Supplied information:
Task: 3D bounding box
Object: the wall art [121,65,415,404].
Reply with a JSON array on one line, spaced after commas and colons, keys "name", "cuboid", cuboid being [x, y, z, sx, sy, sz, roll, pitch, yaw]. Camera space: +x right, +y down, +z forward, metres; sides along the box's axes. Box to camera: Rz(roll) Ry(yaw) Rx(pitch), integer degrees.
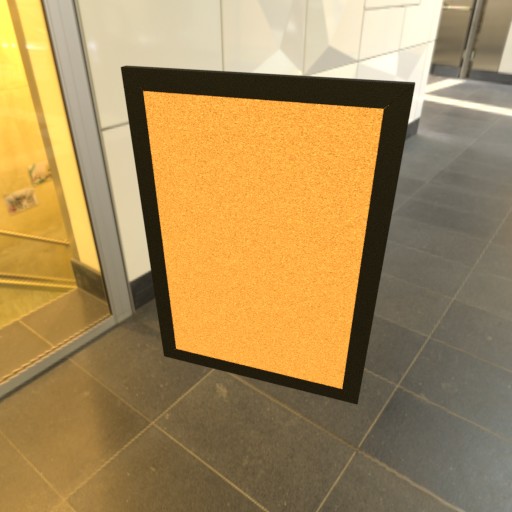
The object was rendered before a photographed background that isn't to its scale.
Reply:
[{"name": "wall art", "cuboid": [0.000, 0.000, 0.595, 0.326, 0.459, 0.011, 10, 33, 15]}]
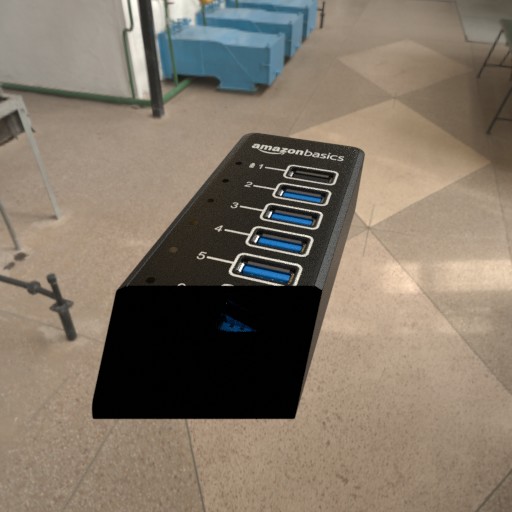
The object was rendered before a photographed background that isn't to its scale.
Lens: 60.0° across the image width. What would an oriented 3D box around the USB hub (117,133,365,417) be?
[{"bbox_3d":[0.000,0.000,0.126,0.044,0.023,0.110,12,42,14],"label":"USB hub"}]
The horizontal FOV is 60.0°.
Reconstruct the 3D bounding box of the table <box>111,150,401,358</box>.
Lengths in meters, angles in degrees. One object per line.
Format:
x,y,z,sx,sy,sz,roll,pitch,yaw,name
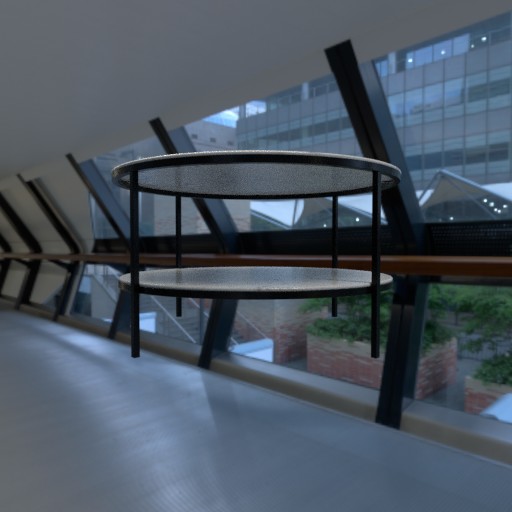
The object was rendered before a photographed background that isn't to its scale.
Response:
0.000,0.000,1.292,0.800,0.450,0.800,0,2,0,table
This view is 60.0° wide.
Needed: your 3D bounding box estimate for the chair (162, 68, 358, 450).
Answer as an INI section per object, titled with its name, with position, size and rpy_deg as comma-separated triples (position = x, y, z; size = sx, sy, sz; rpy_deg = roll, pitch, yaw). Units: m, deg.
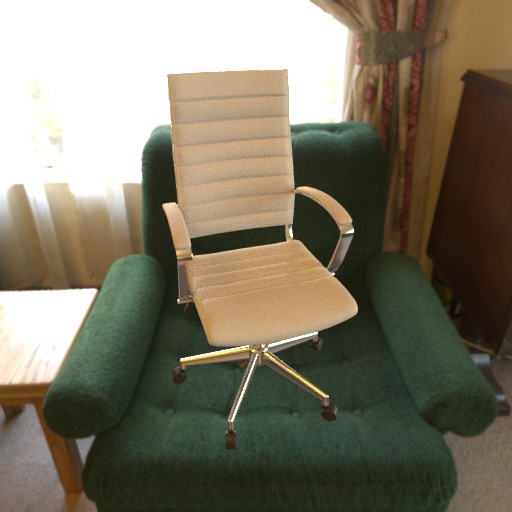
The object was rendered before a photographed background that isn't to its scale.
[chair]
position = 0.000, 0.000, 1.575
size = 0.679, 1.149, 0.667
rpy_deg = -9, 31, -15
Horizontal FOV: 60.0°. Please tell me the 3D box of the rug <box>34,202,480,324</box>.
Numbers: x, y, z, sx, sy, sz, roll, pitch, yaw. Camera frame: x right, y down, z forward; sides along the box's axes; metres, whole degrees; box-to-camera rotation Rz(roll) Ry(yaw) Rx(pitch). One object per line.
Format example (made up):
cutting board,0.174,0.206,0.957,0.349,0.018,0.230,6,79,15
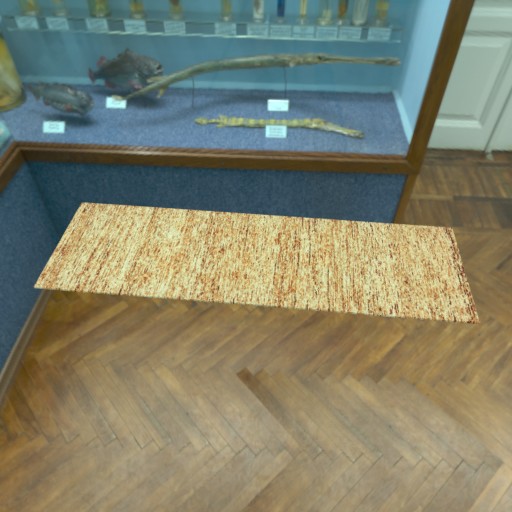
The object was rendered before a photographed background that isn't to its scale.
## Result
rug,0.000,0.000,2.438,2.237,0.014,0.680,4,47,4
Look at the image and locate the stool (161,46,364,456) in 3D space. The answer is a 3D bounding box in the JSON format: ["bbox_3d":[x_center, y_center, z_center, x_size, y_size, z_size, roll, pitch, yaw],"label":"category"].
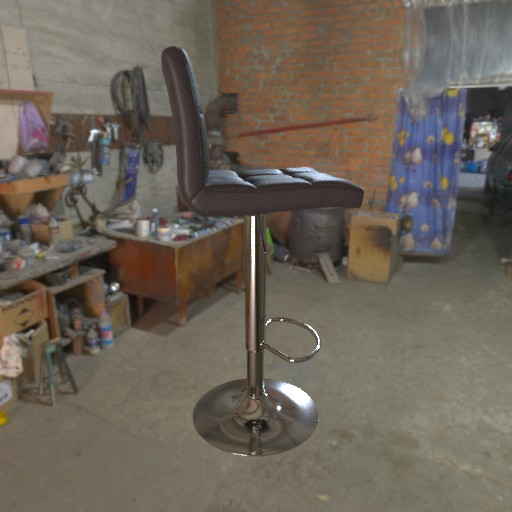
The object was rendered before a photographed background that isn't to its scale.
[{"bbox_3d":[0.000,0.000,1.358,0.505,1.115,0.430,-3,16,-9],"label":"stool"}]
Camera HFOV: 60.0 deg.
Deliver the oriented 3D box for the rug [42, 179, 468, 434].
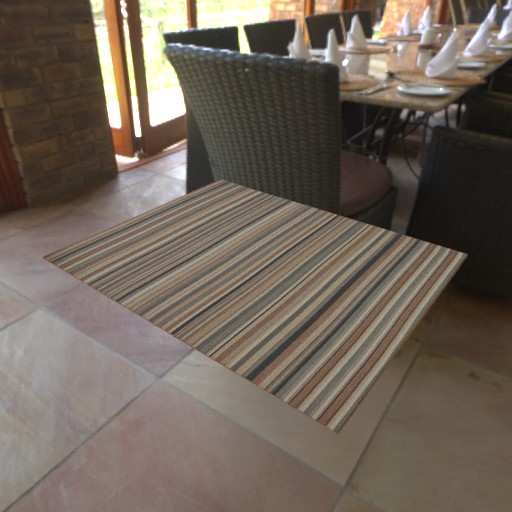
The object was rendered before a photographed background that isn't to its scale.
[{"bbox_3d":[0.000,0.000,4.045,3.045,0.011,2.436,22,37,32],"label":"rug"}]
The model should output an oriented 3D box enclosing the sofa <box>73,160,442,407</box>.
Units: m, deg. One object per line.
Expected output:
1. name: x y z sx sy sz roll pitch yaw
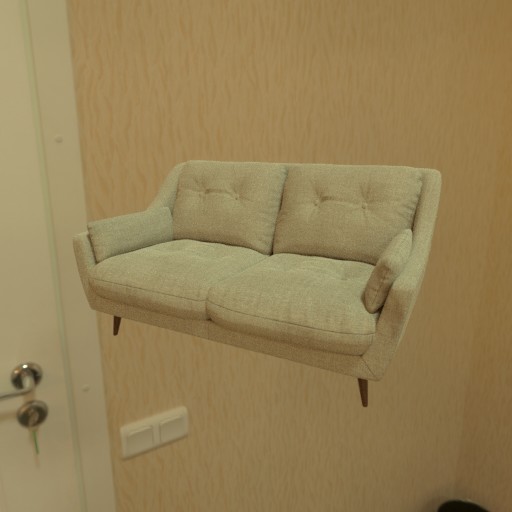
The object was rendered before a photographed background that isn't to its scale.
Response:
1. sofa: 0.000 0.000 2.225 1.652 0.888 0.965 8 17 28
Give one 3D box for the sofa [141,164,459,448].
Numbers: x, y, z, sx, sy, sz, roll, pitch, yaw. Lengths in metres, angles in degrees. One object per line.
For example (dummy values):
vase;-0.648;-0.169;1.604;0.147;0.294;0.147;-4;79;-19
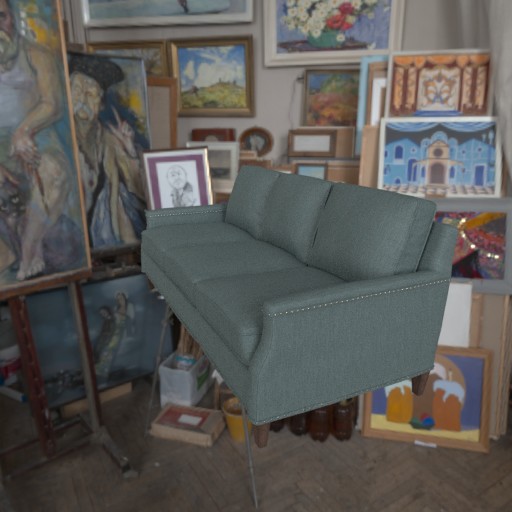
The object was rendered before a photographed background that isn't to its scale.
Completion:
sofa;0.000;0.000;2.859;1.084;1.003;2.246;-8;18;-24
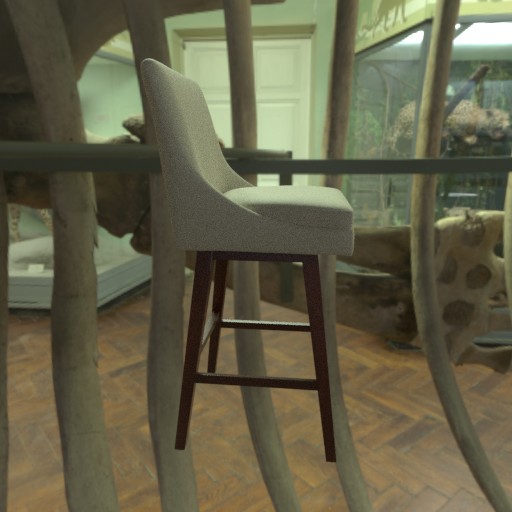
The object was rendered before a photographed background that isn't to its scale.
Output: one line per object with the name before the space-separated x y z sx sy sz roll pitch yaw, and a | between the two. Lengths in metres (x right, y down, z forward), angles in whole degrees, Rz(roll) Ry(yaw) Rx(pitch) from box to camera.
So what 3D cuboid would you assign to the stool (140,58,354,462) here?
stool | 0.000 0.000 1.387 0.559 1.097 0.470 2 15 6
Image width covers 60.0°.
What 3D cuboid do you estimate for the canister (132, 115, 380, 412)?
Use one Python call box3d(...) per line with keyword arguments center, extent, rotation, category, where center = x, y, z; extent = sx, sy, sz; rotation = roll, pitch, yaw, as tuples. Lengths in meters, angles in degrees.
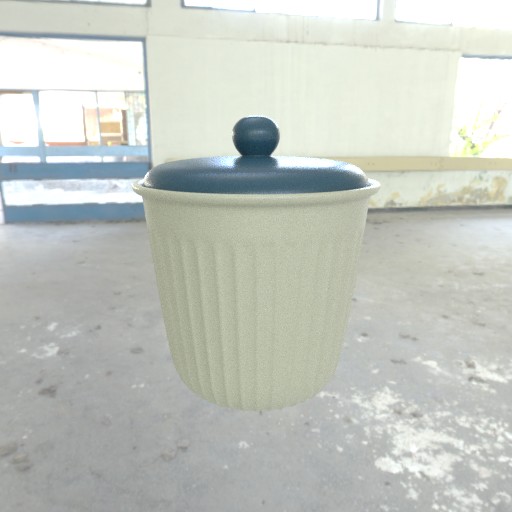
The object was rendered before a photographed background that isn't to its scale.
box3d(center=(0.000, 0.000, 0.349), extent=(0.181, 0.211, 0.181), rotation=(0, 15, 0), category="canister")

Exercise aim:
For this answer, return word for word the lines from the first line of the records through the line containing "Needed: your 3D". Omit the pictures.

Response to this task:
Task: 3D bounding box
Object: the wall art [121,65,415,404].
Reply with a JSON array on one line, spaced after commas and colons, keys "name", "cuboid", cuboid being [x, y, z, sx, sy, sz, roll, pitch, yaw]. Camera space: +x right, +y down, +z forward, metres; sides along the box's axes. Box to camera: Rz(roll) Ry(yaw) Rx(pitch), integer degrees.
The object was rendered before a photographed background that isn't to its scale.
Reply:
[{"name": "wall art", "cuboid": [0.000, 0.000, 0.595, 0.326, 0.459, 0.011, 10, 33, 15]}]
The object was rendered before a photographed background that isn't to its scale.
Lens: 60.0° across the image width. What would an oriented 3D box around the USB hub (117,133,365,417) be?
[{"bbox_3d":[0.000,0.000,0.126,0.044,0.023,0.110,12,42,14],"label":"USB hub"}]
The horizontal FOV is 60.0°.
Reconstruct the 3D bounding box of the table <box>111,150,401,358</box>.
Lengths in meters, angles in degrees. One object per line.
Format:
x,y,z,sx,sy,sz,roll,pitch,yaw,name
The object was rendered before a photographed background that isn't to its scale.
Response:
0.000,0.000,1.292,0.800,0.450,0.800,0,2,0,table
This view is 60.0° wide.
Needed: your 3D bounding box estimate for the chair (162, 68, 358, 450).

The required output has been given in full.